Exercise materials: Begin

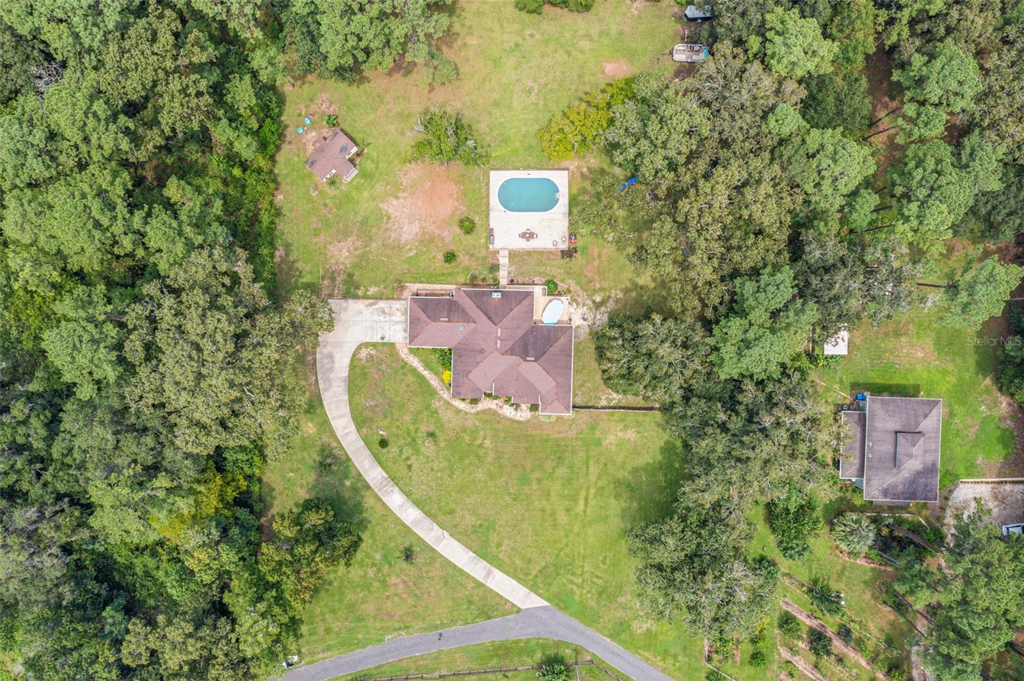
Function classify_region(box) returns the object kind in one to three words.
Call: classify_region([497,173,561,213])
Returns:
swimming pool
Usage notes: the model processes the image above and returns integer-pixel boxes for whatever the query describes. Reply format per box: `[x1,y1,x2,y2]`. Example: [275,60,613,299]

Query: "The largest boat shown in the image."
[673,42,713,61]

Exercise materials: End

## [What is being asked]
The required answer is the line with "Usage notes: the" plus every line after it to the end of the entries above, transcribed exactly.

## [Solution to this exercise]
Usage notes: the model processes the image above and returns integer-pixel boxes for whatever the query describes. Reply format per box: `[x1,y1,x2,y2]`. Example: [275,60,613,299]

Query: "The largest boat shown in the image."
[673,42,713,61]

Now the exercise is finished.